Alors que certains juifs ukrainiens ont décidé d’immigrer en Israël à cause de la guerre, le directeur financier de Tikvah, Jeremy Posen, a déclaré que toutes les personnes associées au groupe souhaitaient retourner à leur vie et à leurs nombreux projets à Odessa – tant que la ville, qui s’apprête à subir des bombardements accrus, reste sous contrôle ukrainien.
« Si les Russes prennent le contrôle de la ville, elle sera coupée du reste du monde, comme ce fut le cas pour la Crimée, et le seul moyen de sortir sera de passer par Moscou », a déclaré M. Posen. « Ce n’est pas un scénario que nous envisageons à l’heure actuelle. »

David Dima est né il y a 28 ans à Tchernivtsi, près de la frontière avec la Roumanie. Il a été élevé par ses grands-parents paternels, qui font partie de la minorité roumaine d’Ukraine, et s’est inscrit à 12 ans dans une école Tikvah lorsque sa mère, juive et non pratiquante, a découvert l’existence de cette organisation. Dima a étudié le droit grâce à Tikvah et travaille maintenant pour l’organisation. Il est marié à un autre membre de la communauté juive d’Odessa et le jeune couple a un enfant.
« Je vis dans la communauté depuis de nombreuses années ; nous avons reçu une bonne éducation ici et nous sommes comme une grande famille, tout le monde s’entraide », a déclaré Dima, dont la sœur est également associée à Tikvah.
Assise au bar de l’hôtel, Zina Ioshka, 75 ans, professeur de musique à la retraite d’Odessa, est arrivée à Neptun avec sa fille, qui est devenue orthodoxe et s’est affiliée à Tikvah. Visiblement triste et fatiguée, Zina Ioshka a regardé les enfants qui couraient dans tous les sens et s’est souvenue de l’époque où elle était enseignante dans une école publique d’Odessa, où se trouve toujours sa sœur.
« Je veux juste rentrer le plus vite possible », a-t-elle dit.
Pour lancer les festivités de Pourim, deux animateurs roumains de la ville côtière de Constanta ont démarré avec leur spectacle de marionnettes et de magie pour les enfants. Au début, ils n’ont pas réussi à briser la barrière de la langue, et le public semblait s’ennuyer. Mais la musique et quelques tours de Ciprian le magicien ont réussi à animer la salle.

Déguisés en animaux, en médecins, en pilotes, en papillons, en centurions romains, en personnages bibliques et en super-héros américains, les enfants suivaient ses mouvements, les yeux fixés sur une table qui lévitait. Des objets apparaissaient et disparaissaient du chapeau de Ciprian. Les enfants se regardaient, incrédules, puis ébahis, se mettaient à applaudir.
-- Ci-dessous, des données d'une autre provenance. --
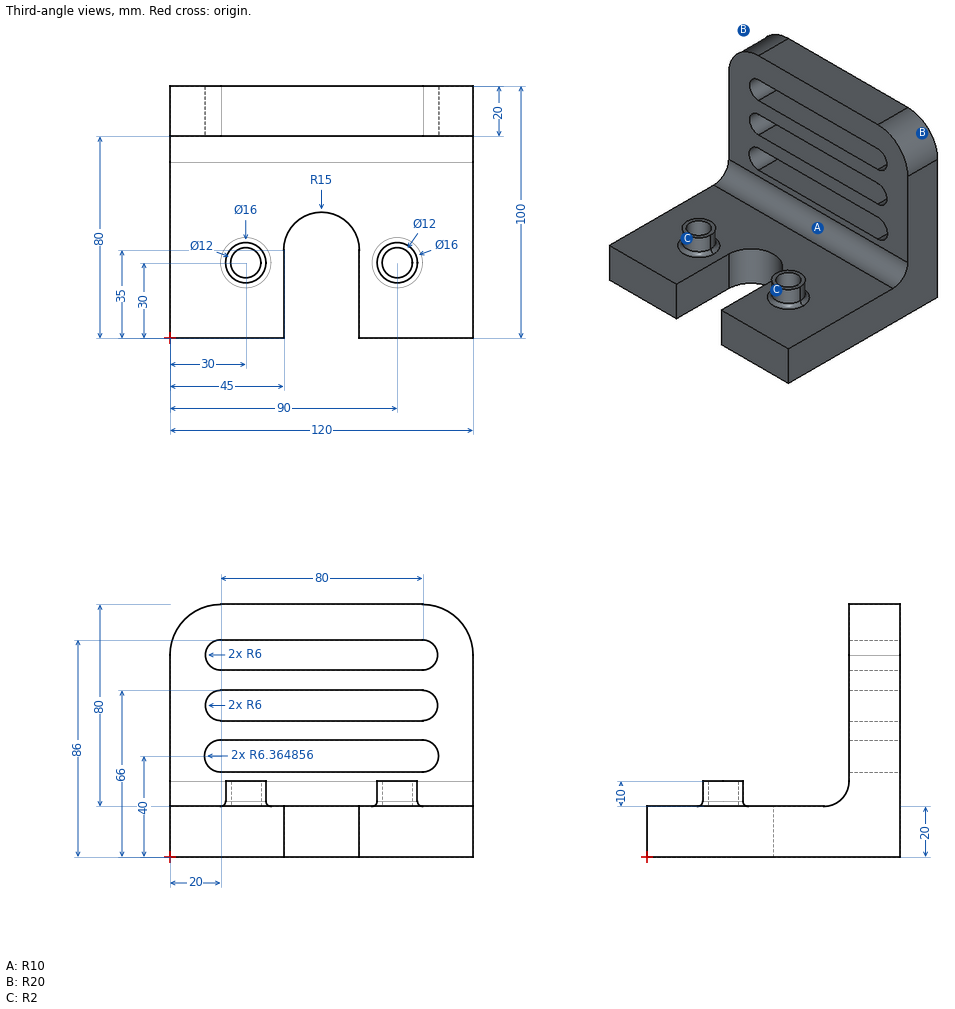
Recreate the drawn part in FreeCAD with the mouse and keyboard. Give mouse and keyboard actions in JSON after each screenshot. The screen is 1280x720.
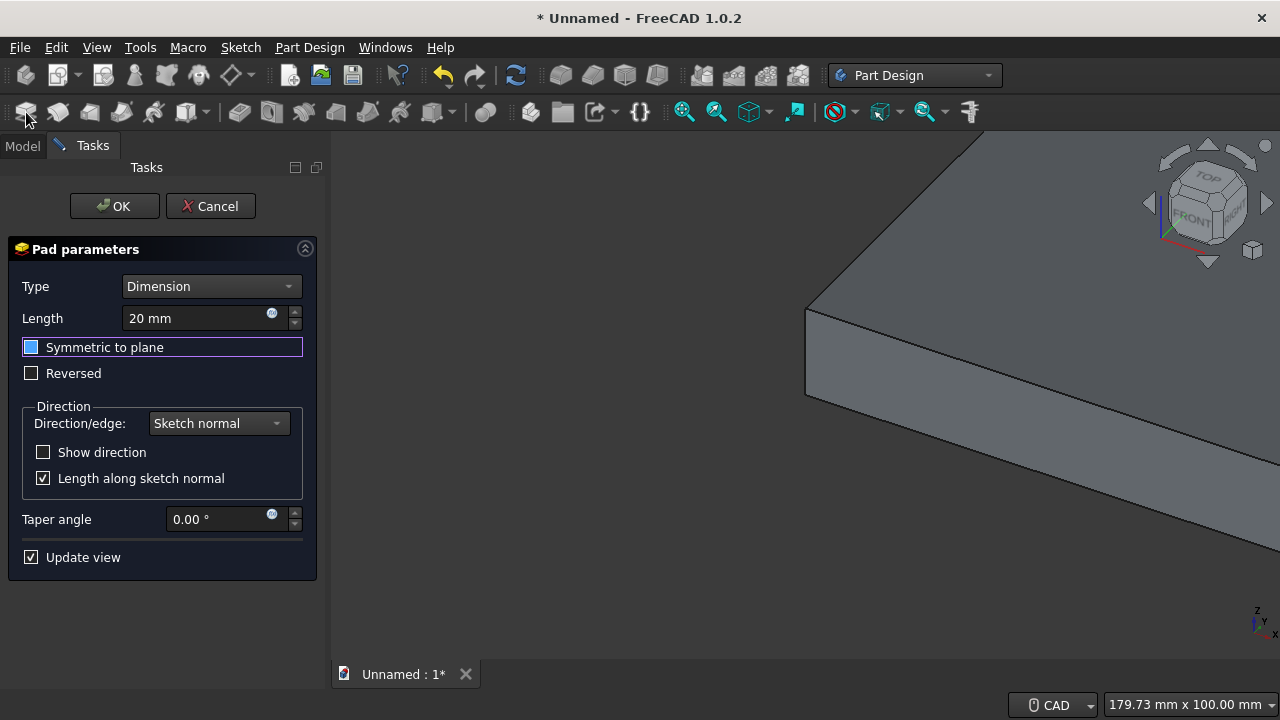
{"action": "left_click", "coordinate": [115, 206]}

À la fin du spectacle, les adultes ont commencé à se préparer pour la lecture de la Meguilah, la récitation rituelle de l’histoire de la survie des Juifs à Pourim. Des bénévoles, dont Pearli Brown et Dana Lipschitz, qui ont fait le voyage depuis Israël pour passer les fêtes avec les enfants, ont aidé à maquiller les enfants.
Dans la file d’attente se tenait Silviu Vexler, membre du parlement roumain et président de la Fédération des communautés juives de Roumanie.
« Les enfants doivent ressentir Pourim comme un moment de bonheur, même dans le contexte dramatique de la guerre qui les a amenés ici », a-t-il déclaré.